La portavoz de la Casa Blanca, Karoline Leavitt, respondió a las declaraciones realizadas por el presidente cubano Miguel Díaz-Canel este 5 de febrero de 2026, en las que el mandatario aseguró que Cuba está dispuesta a dialogar con Estados Unidos, aunque rechazó cualquier negociación que implique presiones externas o condiciones que afecten la soberanía de la isla. Las palabras del líder cubano provocaron una reacción inmediata desde Washington, marcada por un tono firme y advertencias directas.
Durante una comparecencia ante la prensa, Leavitt aseguró que, contrario a lo expresado por Díaz-Canel, sí existen contactos y conversaciones en curso entre ambos gobiernos, y subrayó que el presidente Donald Trump “siempre está dispuesto a apostar por la diplomacia cuando sirve a los intereses del pueblo estadounidense”.
No obstante, la portavoz dejó claro que el diálogo no puede desarrollarse en un clima de confrontación pública.
En ese contexto, Leavitt lanzó una advertencia directa al mandatario cubano, afirmando que Díaz-Canel debería “cuidarse” al referirse al presidente Trump, y llamó a La Habana a actuar con mayor prudencia en su discurso.

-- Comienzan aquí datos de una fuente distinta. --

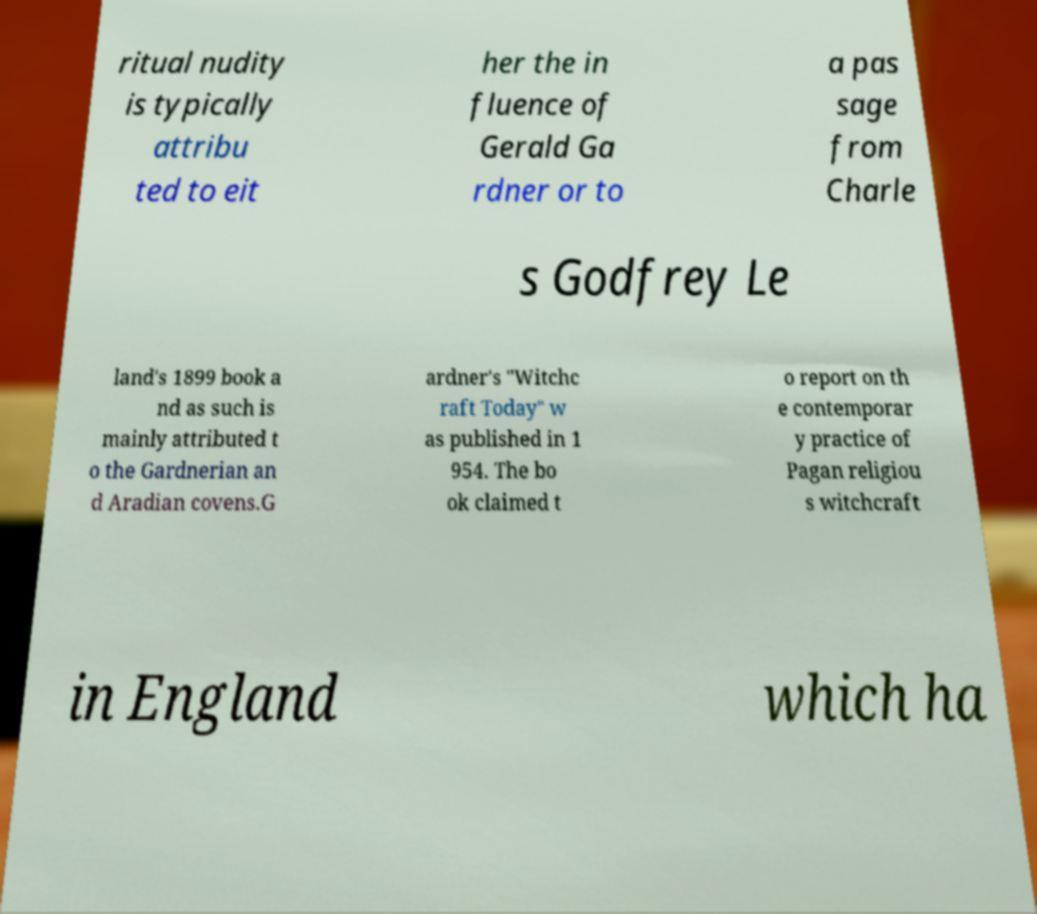For documentation purposes, I need the text within this image transcribed. Could you provide that? ritual nudity is typically attribu ted to eit her the in fluence of Gerald Ga rdner or to a pas sage from Charle s Godfrey Le land's 1899 book a nd as such is mainly attributed t o the Gardnerian an d Aradian covens.G ardner's "Witchc raft Today" w as published in 1 954. The bo ok claimed t o report on th e contemporar y practice of Pagan religiou s witchcraft in England which ha 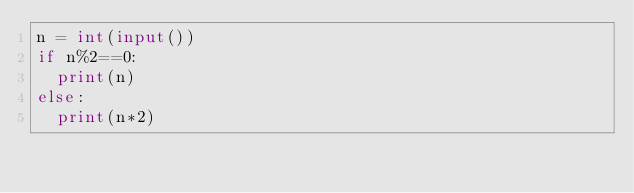Convert code to text. <code><loc_0><loc_0><loc_500><loc_500><_Python_>n = int(input())
if n%2==0:
  print(n)
else:
  print(n*2)</code> 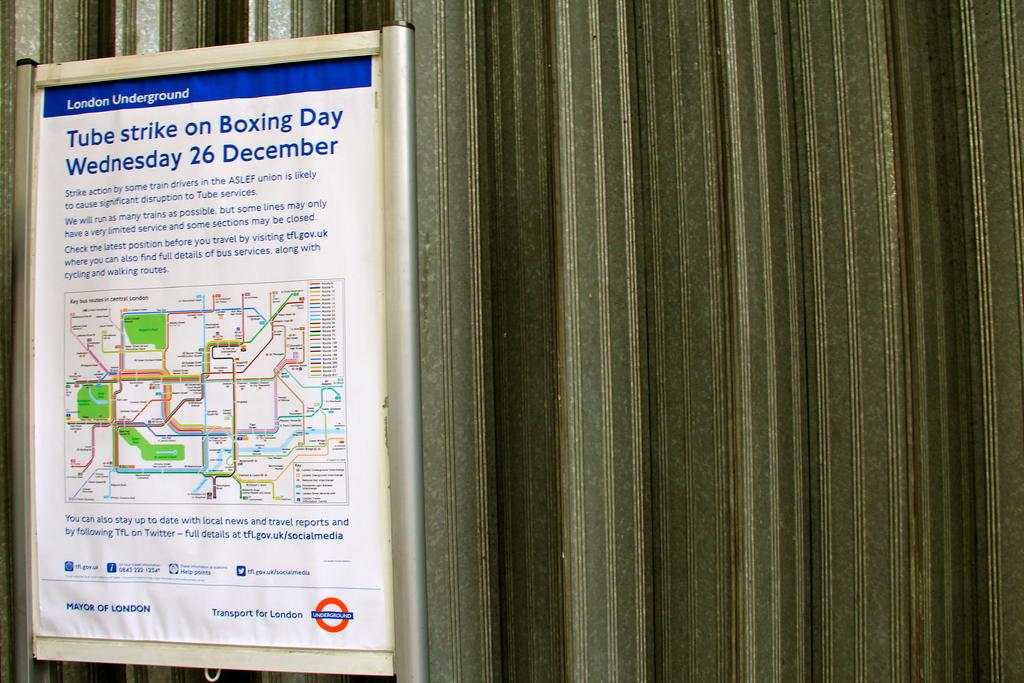Does the tube strike happen every 26th of december?
Your answer should be compact. Unanswerable. Whats the indication of the map?
Provide a short and direct response. Tube strike on boxing day. 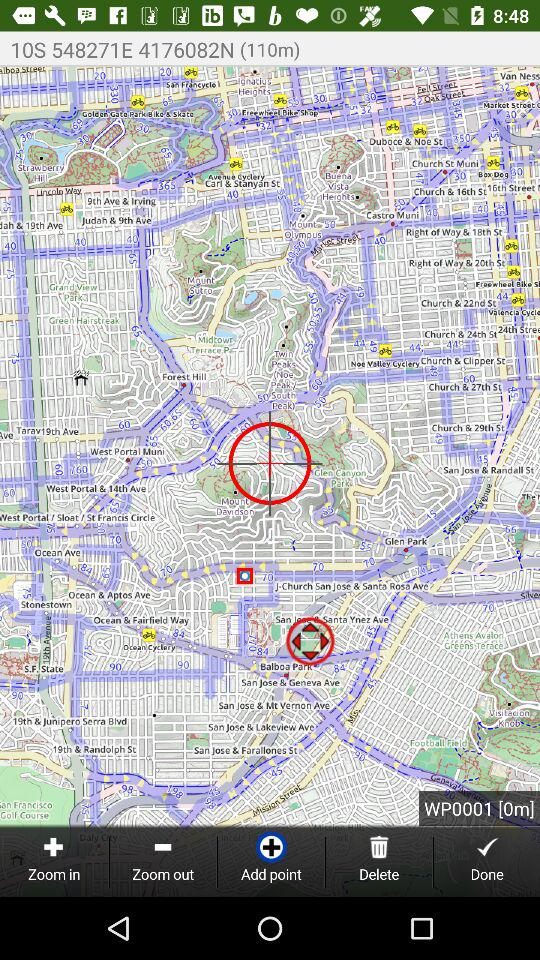How many waypoints are there?
Answer the question using a single word or phrase. 2 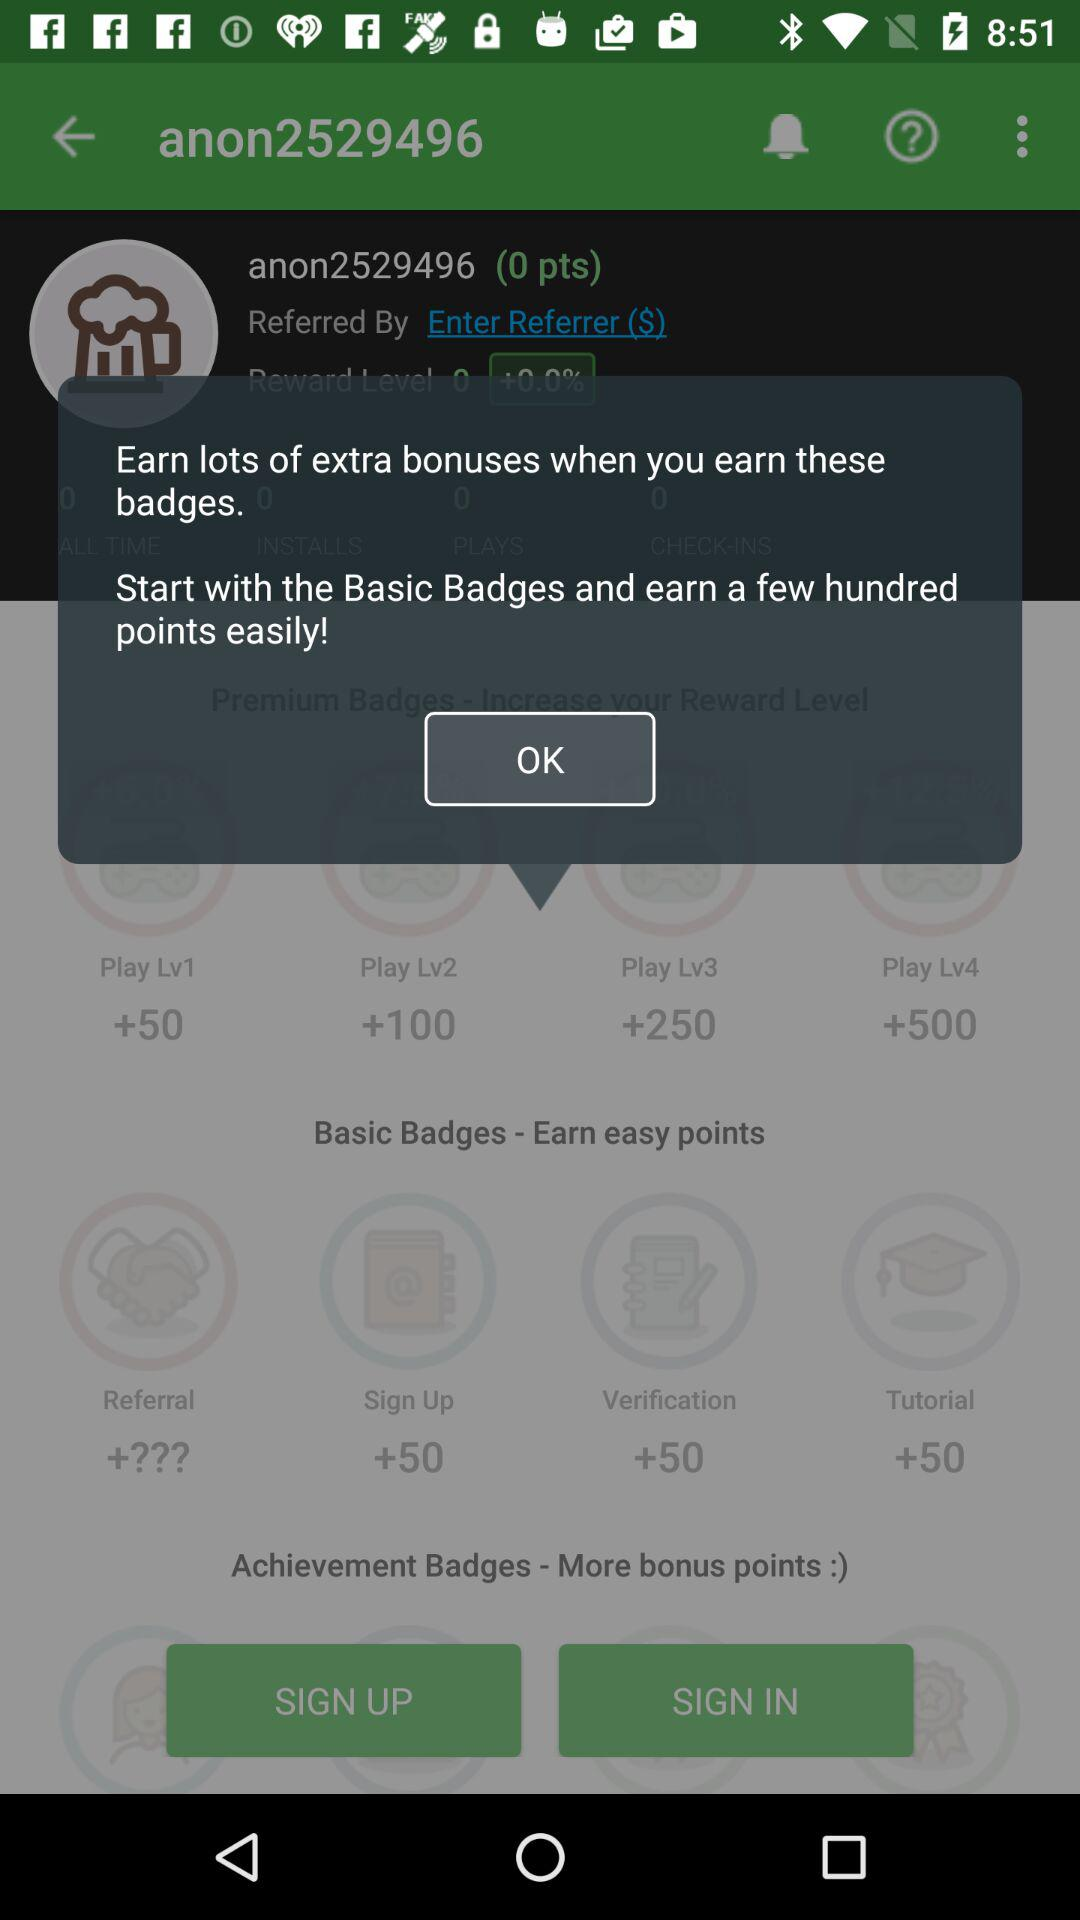How many points does "anon2529496" have? "anon2529496" has 0 points.

Según la portavoz, declaraciones como las realizadas por el líder cubano no contribuyen a generar un ambiente propicio para avances diplomáticos y reflejan una estrategia de confrontación política.
La representante de la Casa Blanca fue más allá al señalar que el gobierno cubano atraviesa una situación extremadamente delicada.
Afirmó que Cuba enfrenta un colapso económico y estructural, y sugirió que la crisis interna es consecuencia directa de la mala gestión del propio régimen.
Estas declaraciones contrastan con la postura de Díaz-Canel, quien atribuyó la grave escasez de combustible, los apagones prolongados y las dificultades económicas al endurecimiento de las sanciones estadounidenses y a lo que calificó como una “guerra económica y psicológica” contra la isla.
Díaz-Canel insistió en que Cuba está abierta al diálogo, pero únicamente “desde el respeto y la igualdad”, y negó que existan negociaciones formales con Washington.
La Casa Blanca, sin embargo, sostiene una versión distinta, afirmando que los canales de comunicación existen, aunque requieren discreción y responsabilidad política.
Este nuevo cruce de declaraciones evidencia las profundas diferencias entre ambos gobiernos y pone de relieve la fragilidad de cualquier intento de acercamiento.